The battle for control of Richmond reignited in mid-May when PPCS bought a 16.7 per cent shareholding at $3. This included a 10 per cent holding from Richmond director Peter Spencer, who made a profit in excess of $7 million.
On May 23, PPCS issued a restricted transfer notice saying it wished to buy up to 60 per cent of Richmond at between $2.70 and $3.24 a share.
Richmond questioned the integrity of PPCS and tried to restrict its share buying by classifying it as an insider. PPCS successfully appealed to the Stock Exchange, and questioned Richmond's corporate governance standards.
On May 30, the British-owned, Invercargill-based North Meats entered the fray with a restricted transfer notice indicating it wished to buy 60 per cent of Richmond at between $2.70 and $3.24 a share.

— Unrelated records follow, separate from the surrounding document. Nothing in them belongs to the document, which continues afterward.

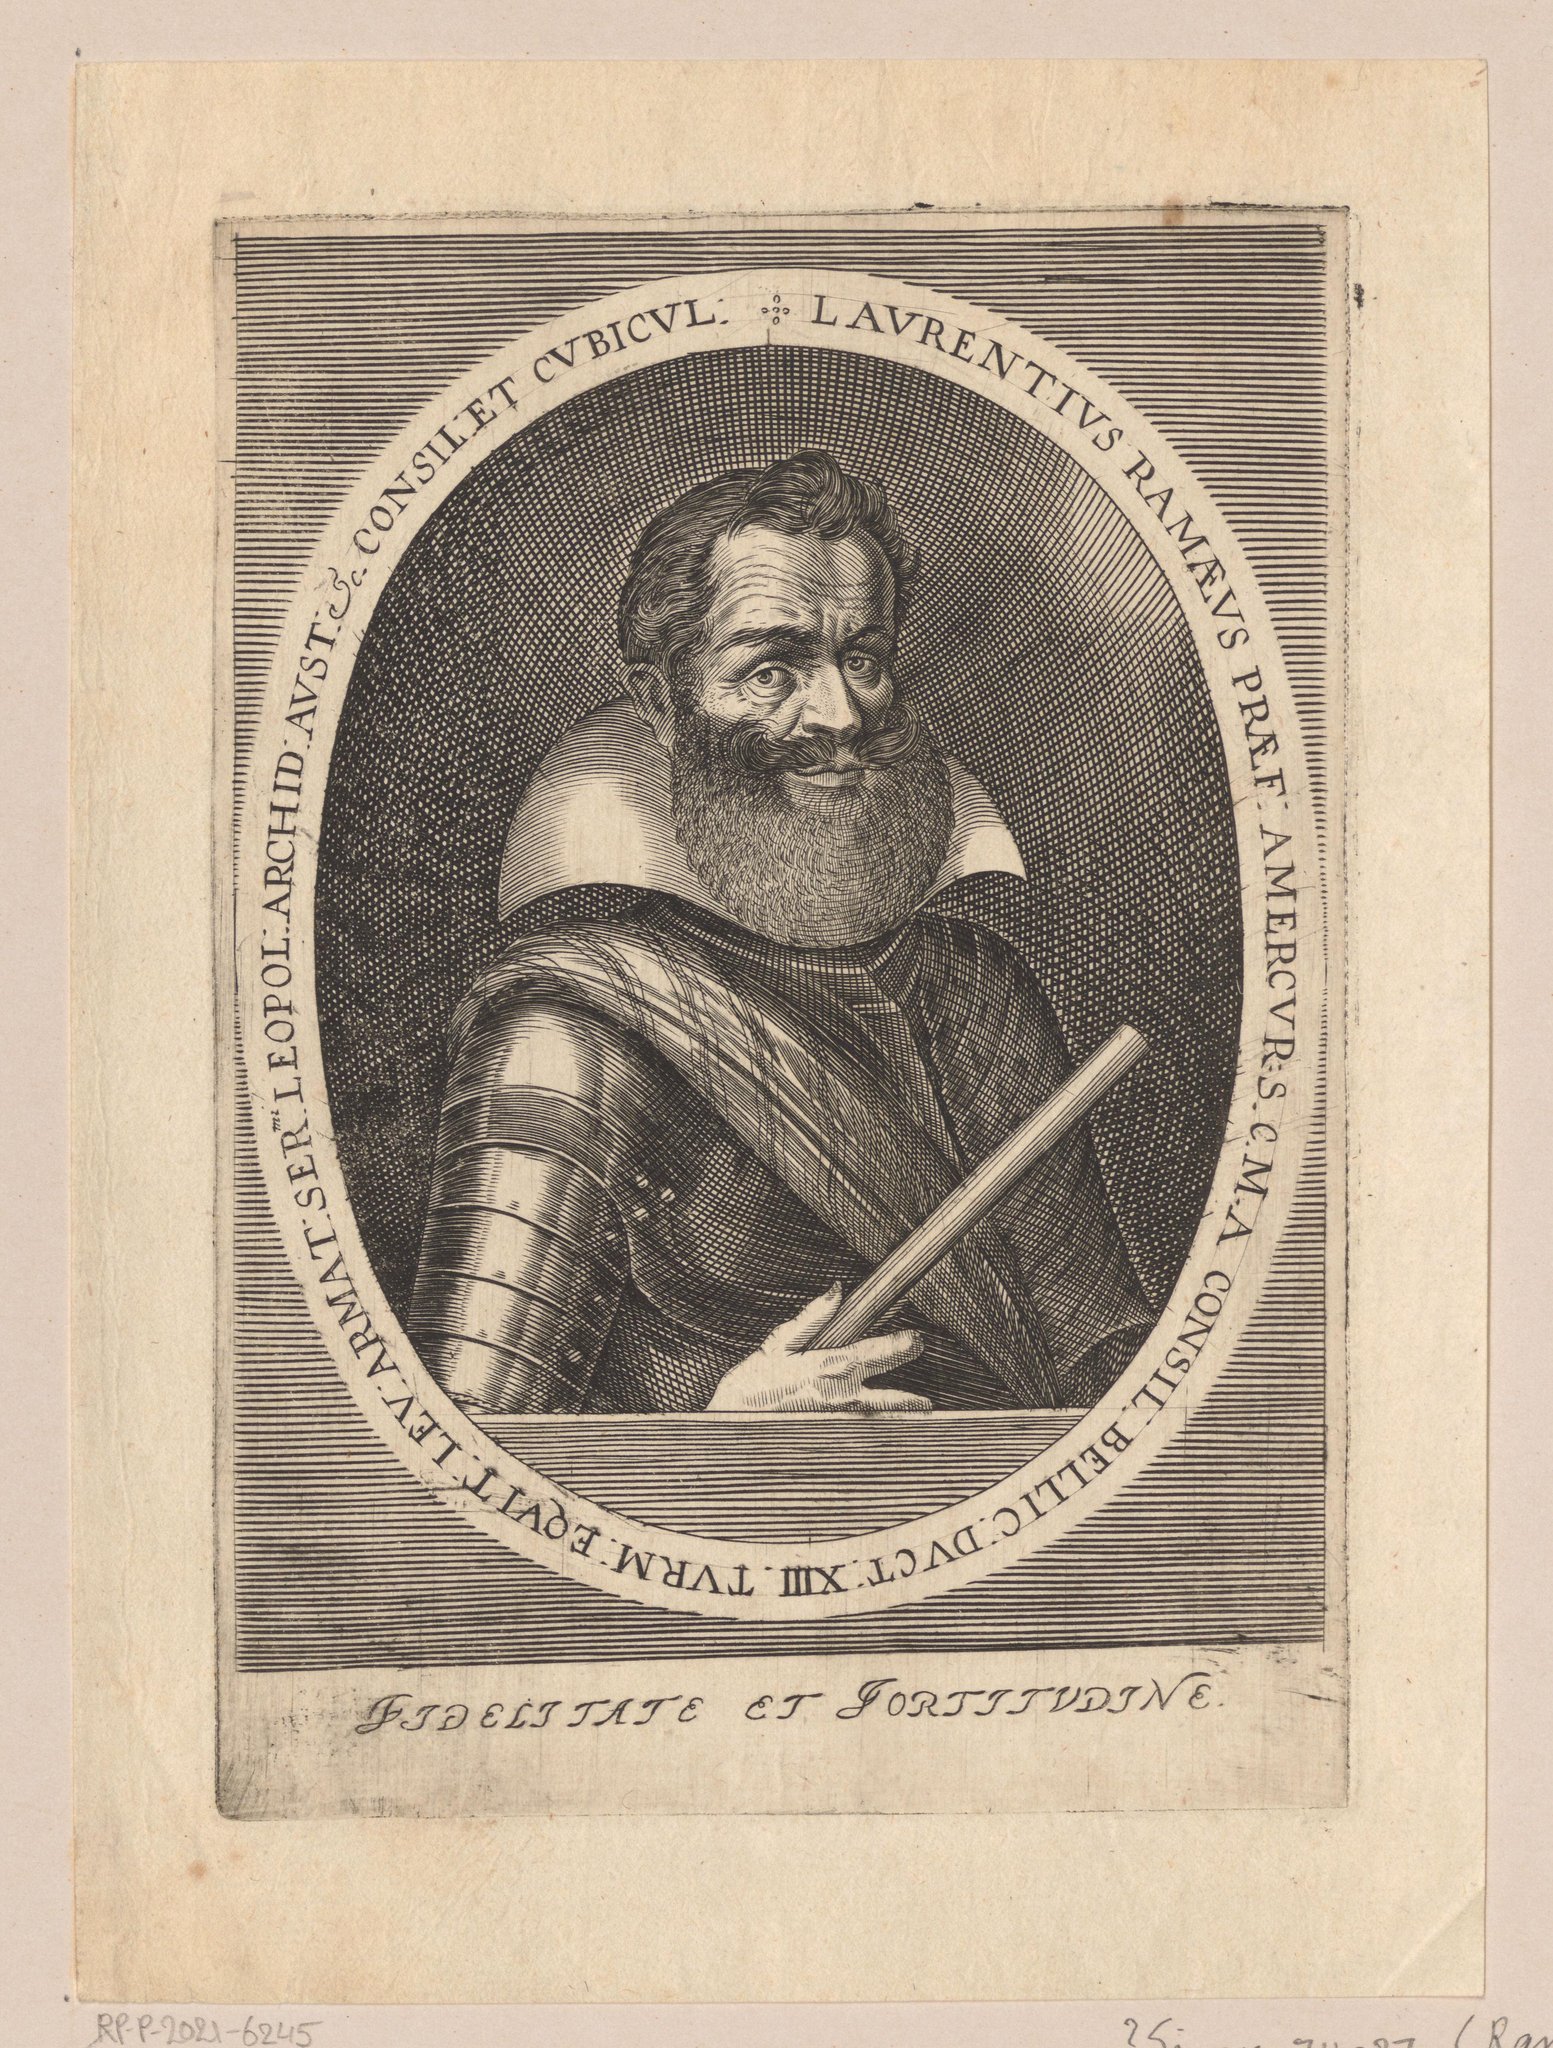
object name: print
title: Portret van Lorenz Ramee
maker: Anonymous
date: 1610-1649
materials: paper
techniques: engraving
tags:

This was quickly followed by PPCS raising its price range from $3.10 to $3.65. North Meats did the same and two days later increased its price range to $3.10 to $3.70 a share.

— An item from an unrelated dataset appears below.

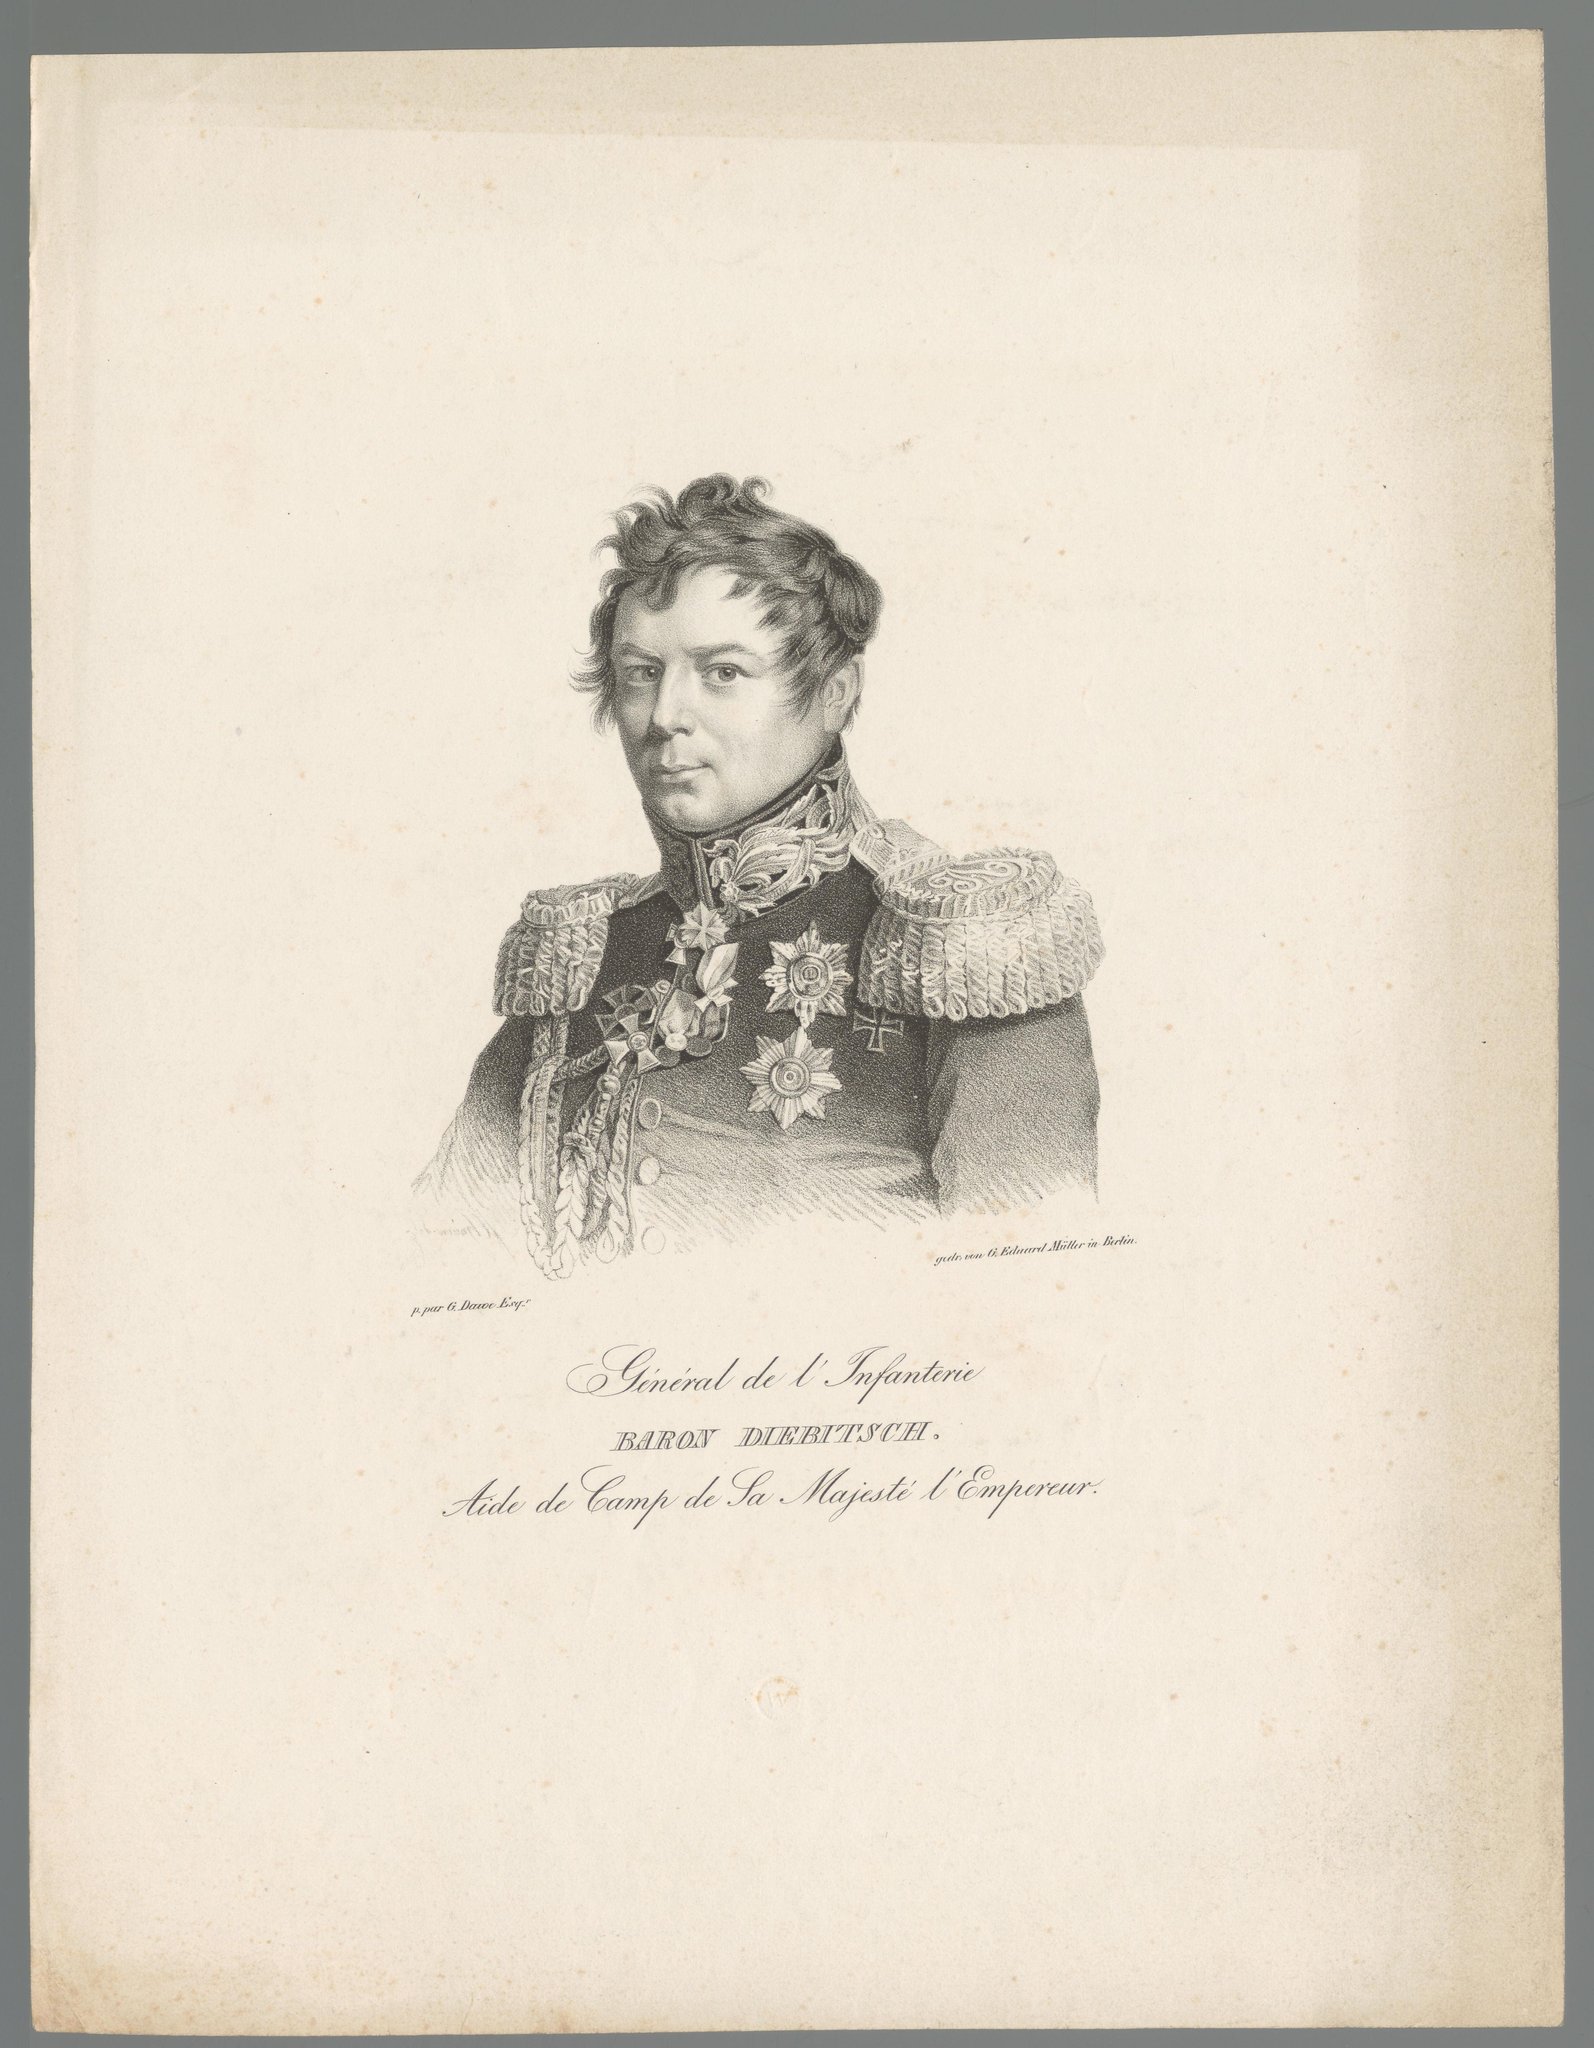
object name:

The North Meats offer appeared to have far more potential benefits for Richmond, but the efforts were in vain because on Tuesday PPCS notified the Stock Exchange it had effective control of 52.5 per cent of Richmond. In a complicated deal, PPCS has bought a 49 per cent interest in Active Meat, the Active Equities company that owns 35.8 per cent of Richmond, for an effective price of $3.65 per Richmond share. It has also acquired an option over the remaining 51 per cent of Active Meat that can be exercised in 2003.
Active Equities will eventually walk away from Richmond with a capital profit in excess of $23 million.
The Richmond takeover battle is a classic example of the ineffective rules and elitist characteristics of the New Zealand sharemarket. It also illustrates that when Lion Nathan is forced to sell Montana shares it can easily buy them back within a short time.
PPCS was first rebuffed by a High Court decision in 1997. In 2000, it had its 35.6 per cent shareholding confiscated for a breach of Richmond's constitution yet just 10 months later it owned these shares again and had effective control of the Hawkes Bay company.
How could this happen? What is the point of forcing a defaulter to sell shares if these can be repurchased from the same party in less than a year?
Was there any agreement between PPCS and Active Equities regarding the 35.8 per cent shareholding? Was Talley Fisheries offered vendor finance and what were the terms of the $12.5 million redeemable preference shares issued by Active Equities to PPCS?
How can control of a company be obtained without widespread shareholder involvement and against the wishes of directors?
The two most important Richmond shareholders were Active Equities with 35.6 per cent and Mr Spencer on 10 per cent. Mr Spencer received more than half his shares in a placement at $1.20 a share, yet he sold to PPCS when the board was strongly opposed to the South Island company.
In most cases it doesn't really matter to the sellers of large shareholdings whether the new owner is good for the company or not. One could argue that it is not particularly important from Mr Spencer's perspective because he still owns 20 per cent of Affco, Richmond's main competitor in the North Island.
The Richmond transaction is a major boost to Active Equities. The Wellington-based company has 4000 shares, issued at $10,000 each, and more than 60 shareholders. Its shares are quoted on the unlisted securities market and have traded in a range of $12,000 to $12,500 over recent months.
The Richmond shareholding is its largest asset, representing 41 per cent of total assets as at December 31.
The profit on the sale of the Hawkes Bay company represents an estimated $5,800 a share, yet Active Equities' share price has increased only $500 to $13,000 since the sale announcement.
Perhaps investors have unwarranted concerns over Commerce Commission approval or are unconvinced Active Equities is entitled to all the profits from the Richmond sale.